The shaded region surrounding the forecast line represents uncertainty in the predictions. This interval widens as the forecast moves further ahead, reflecting increased uncertainty over longer horizons, while still maintaining a consistent overall direction in the projected values.
prophet_plot_components(prophet_model, forecast_results)
## Warning: `aes_string()` was deprecated in ggplot2 3.0.0.
## ℹ Please use tidy evaluation idioms with `aes()`.
## ℹ See also `vignette("ggplot2-in-packages")` for more information.
## ℹ The deprecated feature was likely used in the prophet package.
## Please report the issue at <https://github.com/facebook/prophet/issues>.
## This warning is displayed once per session.
## Call `lifecycle::last_lifecycle_warnings()` to see where this warning was
## generated.
To examine whether variance stabilisation improves the model, we apply a logarithmic transformation.
log_co2_dataframe <- data.frame(
ds = co2_dataframe$ds,
y = log(co2_dataframe$y)
)
log_prophet_model <- prophet::prophet(log_co2_dataframe)
## Disabling weekly seasonality. Run prophet with weekly.seasonality=TRUE to override this.
## Disabling daily seasonality. Run prophet with daily.seasonality=TRUE to override this.
log_future_dates <- prophet::make_future_dataframe(
log_prophet_model,
periods = 24,
freq = "month"
)
logforecast <- predict(log_prophet_model, future_dates)
plot(log_prophet_model, logforecast)
A log transformation is applied to the data to stabilise variation and create a better model. As the time series gets bigger, modelling the raw values can overstate some of the larger observations.

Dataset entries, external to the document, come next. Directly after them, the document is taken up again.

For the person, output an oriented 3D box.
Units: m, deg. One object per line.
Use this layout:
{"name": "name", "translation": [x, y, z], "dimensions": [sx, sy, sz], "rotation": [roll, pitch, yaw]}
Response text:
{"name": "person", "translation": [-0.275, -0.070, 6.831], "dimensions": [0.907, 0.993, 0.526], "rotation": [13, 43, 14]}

By transforming the data, the model focuses on proportional changes rather than absolute differences. This can result in more balanced predictions and improve the model’s ability to calculate underlying structure, particularly when variability increases with the size of the series.

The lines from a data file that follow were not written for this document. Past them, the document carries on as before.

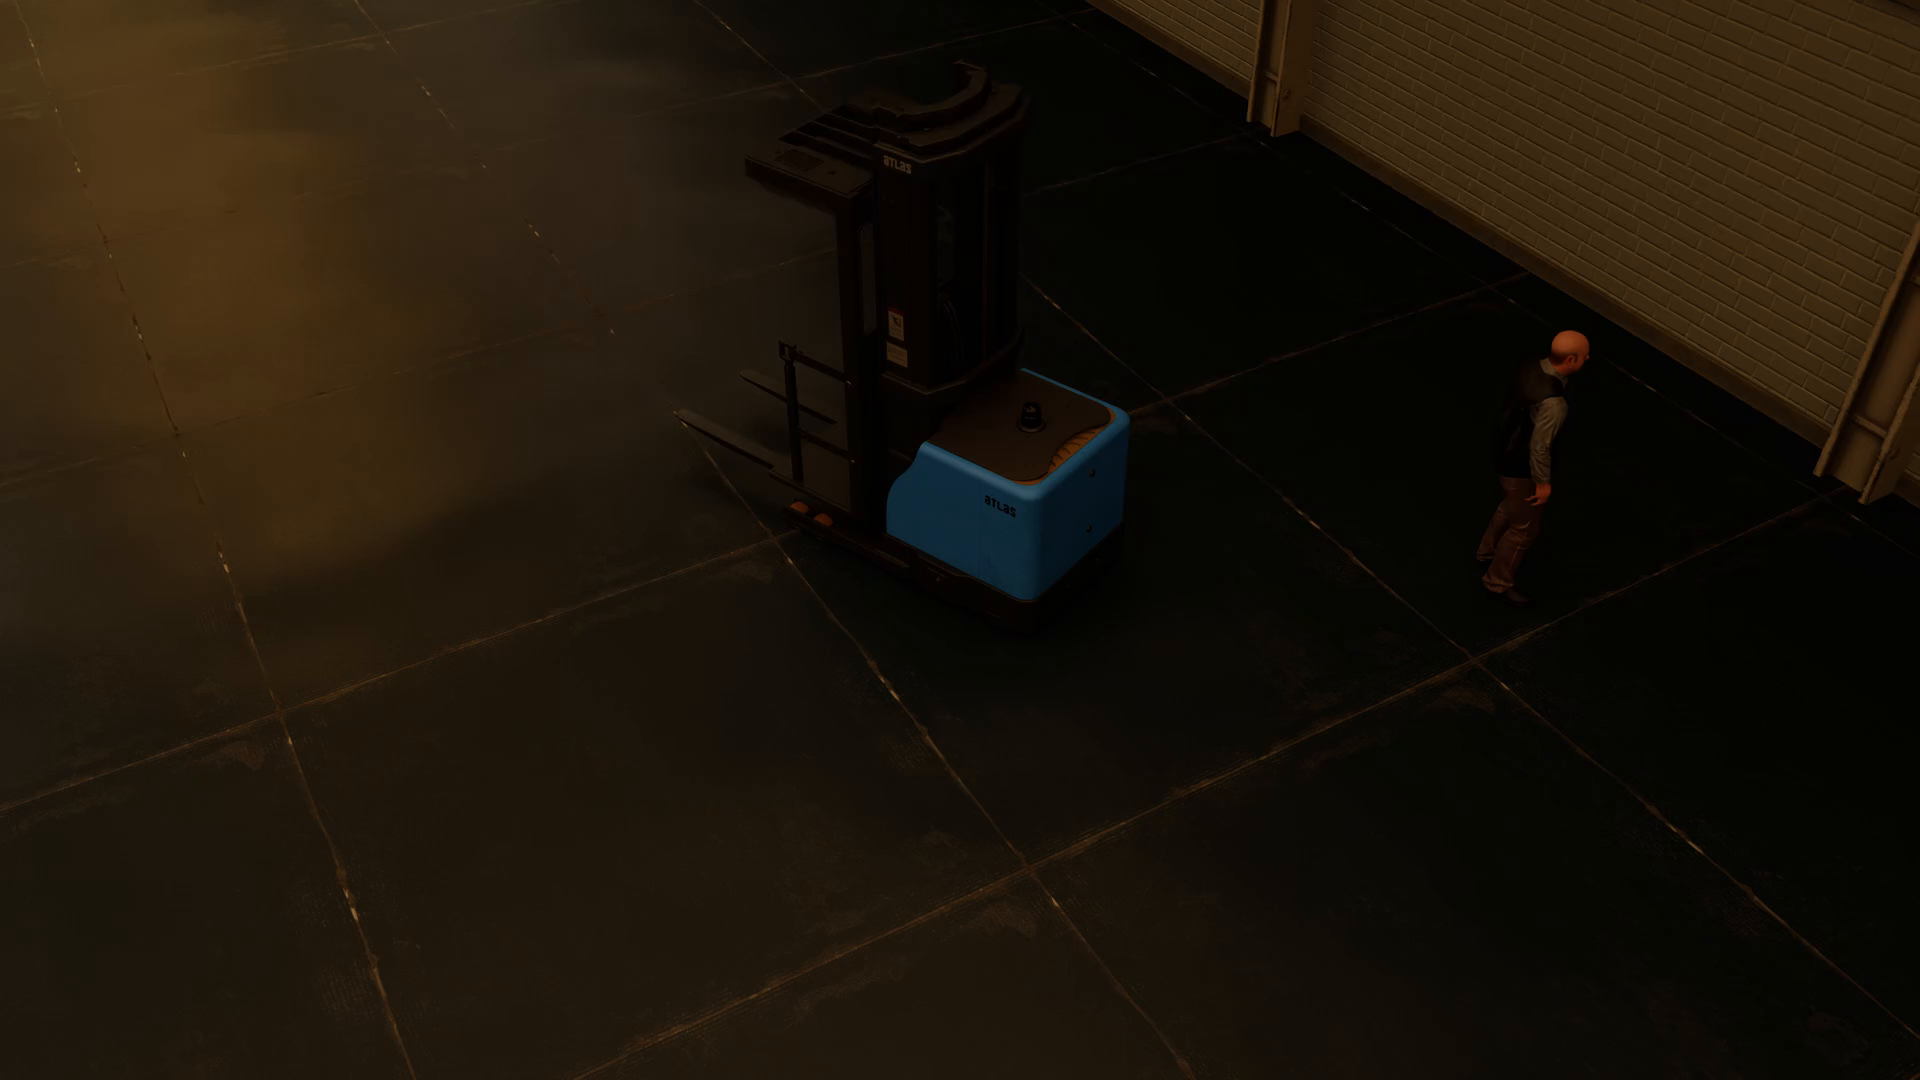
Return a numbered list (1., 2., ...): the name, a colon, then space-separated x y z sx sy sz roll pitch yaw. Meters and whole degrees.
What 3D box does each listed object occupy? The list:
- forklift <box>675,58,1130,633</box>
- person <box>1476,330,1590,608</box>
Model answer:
1. forklift: -0.481 -1.366 9.683 3.031 2.935 1.130 26 46 28
2. person: 3.242 -0.449 9.526 0.420 1.722 0.594 3 40 4

A linear regression model is used to estimate the overall trend in the data as a simple benchmark. This approach provides a straightforward way to quantify the relationship between time and CO2 levels.

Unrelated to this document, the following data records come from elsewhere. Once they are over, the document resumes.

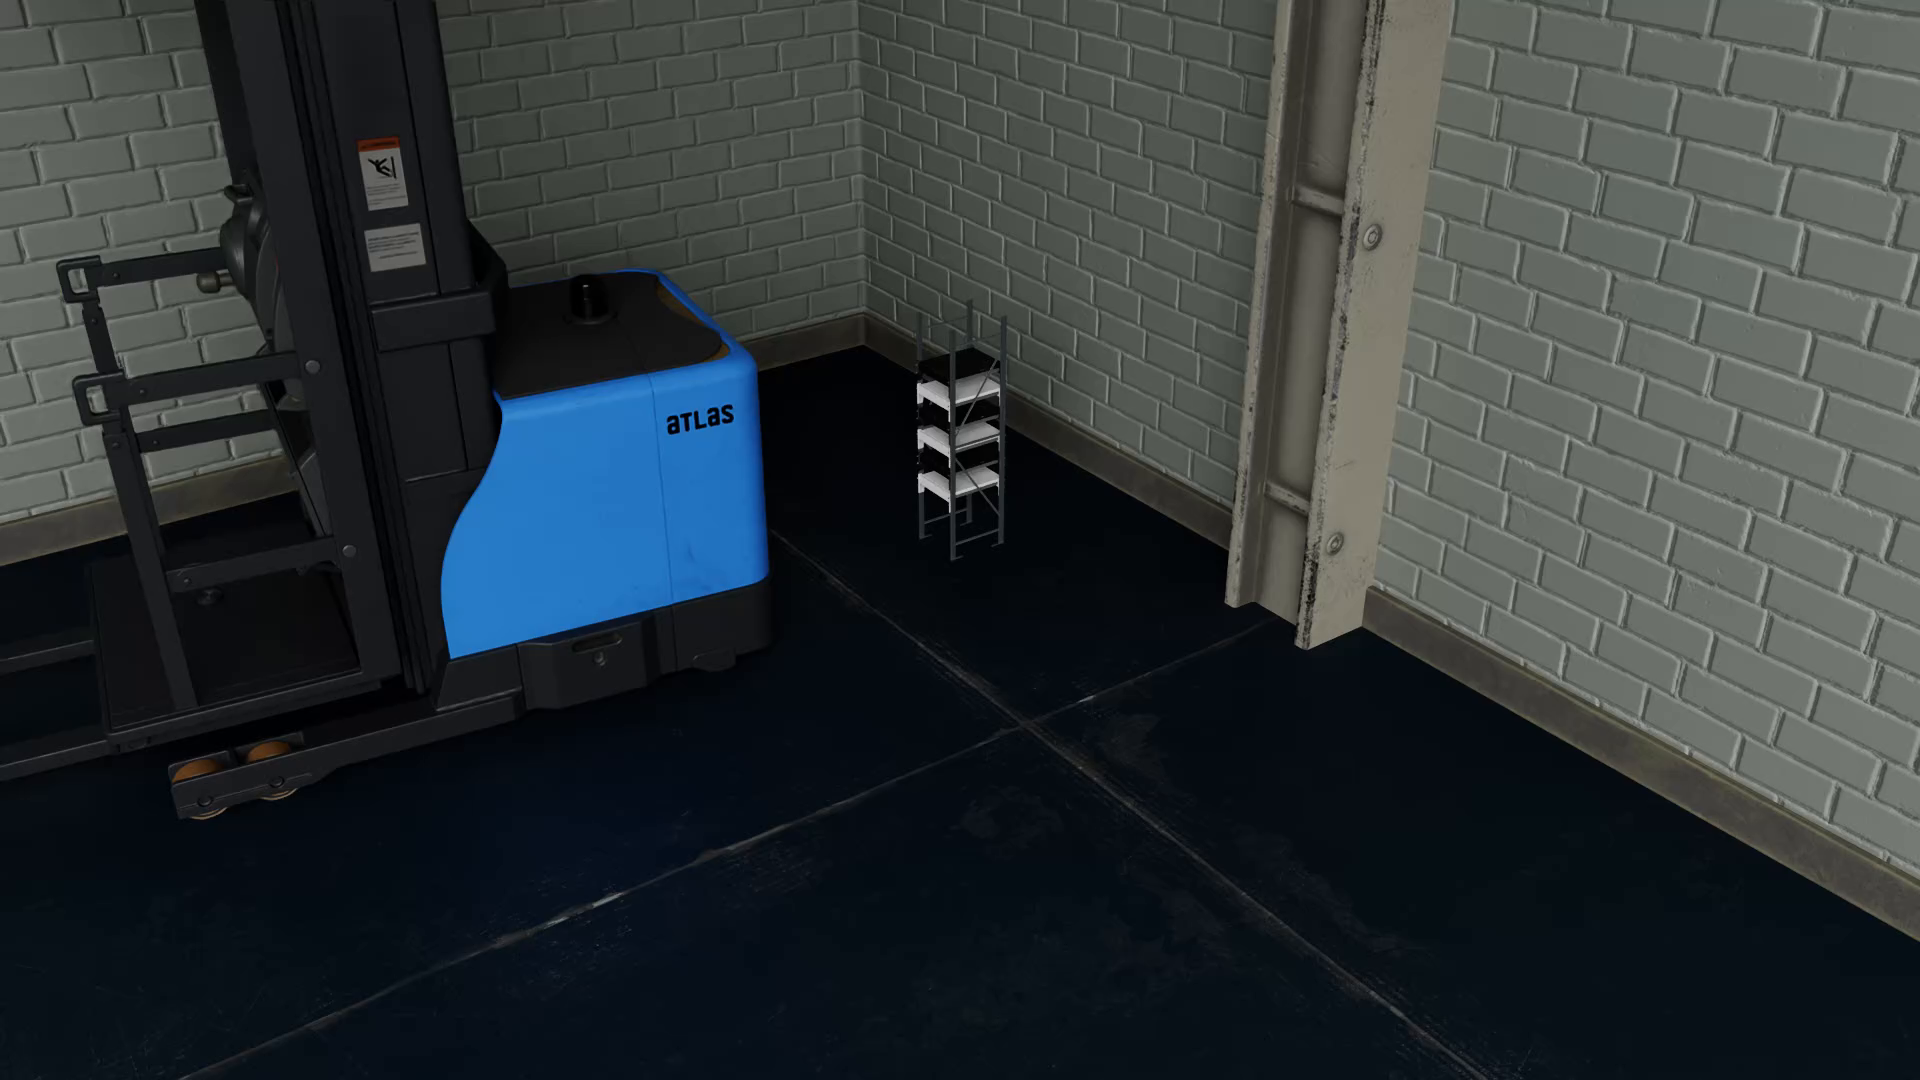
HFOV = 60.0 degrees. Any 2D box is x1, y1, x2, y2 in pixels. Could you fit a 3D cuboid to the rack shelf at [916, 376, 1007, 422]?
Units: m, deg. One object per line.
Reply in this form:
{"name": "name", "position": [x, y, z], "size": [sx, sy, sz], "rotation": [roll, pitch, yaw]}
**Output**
{"name": "rack shelf", "position": [0.005, -0.521, 5.959], "size": [0.258, 0.077, 0.200], "rotation": [-19, 34, -31]}

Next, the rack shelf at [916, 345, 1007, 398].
{"name": "rack shelf", "position": [0.005, -0.600, 5.916], "size": [0.258, 0.077, 0.200], "rotation": [-19, 34, -31]}

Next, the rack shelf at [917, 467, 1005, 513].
{"name": "rack shelf", "position": [0.005, -0.205, 6.131], "size": [0.258, 0.077, 0.200], "rotation": [-19, 34, -31]}

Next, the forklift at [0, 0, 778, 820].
{"name": "forklift", "position": [-2.153, -0.775, 4.607], "size": [3.031, 2.935, 1.130], "rotation": [-14, 31, -24]}

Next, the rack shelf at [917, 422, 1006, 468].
{"name": "rack shelf", "position": [0.005, -0.363, 6.045], "size": [0.258, 0.077, 0.200], "rotation": [-19, 34, -31]}

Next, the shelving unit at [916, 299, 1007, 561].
{"name": "shelving unit", "position": [0.005, -0.392, 6.029], "size": [0.258, 0.900, 0.210], "rotation": [-19, 34, -31]}

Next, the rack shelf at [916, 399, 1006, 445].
{"name": "rack shelf", "position": [0.005, -0.442, 6.002], "size": [0.258, 0.077, 0.200], "rotation": [-19, 34, -31]}

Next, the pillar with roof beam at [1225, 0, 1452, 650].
{"name": "pillar with roof beam", "position": [-2.340, -2.512, 1.447], "size": [9.100, 9.000, 0.400], "rotation": [-19, 34, -31]}

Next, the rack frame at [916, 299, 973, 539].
{"name": "rack frame", "position": [-0.054, -0.432, 6.102], "size": [0.240, 0.900, 0.006], "rotation": [-19, 34, -31]}

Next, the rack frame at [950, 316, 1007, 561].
{"name": "rack frame", "position": [0.064, -0.353, 5.957], "size": [0.240, 0.900, 0.006], "rotation": [-19, 34, -31]}

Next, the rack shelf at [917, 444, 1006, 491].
{"name": "rack shelf", "position": [0.005, -0.284, 6.088], "size": [0.258, 0.077, 0.200], "rotation": [-19, 34, -31]}

The results show a strong positive relationship, confirming the upward movement observed in the time series. Although this model is less flexible than Prophet, it supports the findings and provides a useful comparison for understanding the overall direction of the data.
time_index_numeric <- 1:length(co2)
trend_model <- lm(co2 ~ time_index_numeric)
summary(trend_model)
##
## Call:
## lm(formula = co2 ~ time_index_numeric)
##
## Residuals:
## Min 1Q Median 3Q Max
## -6.0399 -1.9476 -0.0017 1.9113 6.5149
##
## Coefficients:
## Estimate Std. Error t value Pr(>|t|)
## (Intercept) 3.115e+02 2.424e-01 1284.9 <2e-16 ***
## time_index_numeric 1.090e-01 8.958e-04 121.6 <2e-16 ***
## ---
## Signif. codes: 0 '***' 0.001 '**' 0.01 '*' 0.05 '.' 0.1 ' ' 1
##
## Residual standard error: 2.618 on 466 degrees of freedom
## Multiple R-squared: 0.9695, Adjusted R-squared: 0.9694
## F-statistic: 1.479e+04 on 1 and 466 DF, p-value: < 2.2e-16
This project analysed the atmospheric CO2 dataset and applied Meta’s Prophet forecasting model to predict future values. The data exhibits a strong upward trend together with seasonal variation. Prophet successfully captures these components and produces forecasts for future CO2 levels.
Additional analysis using log transformations and regression helps further understand the behaviour of the time series. Prophet provides a flexible and powerful approach to time series forecasting and can be applied to many real-world datasets.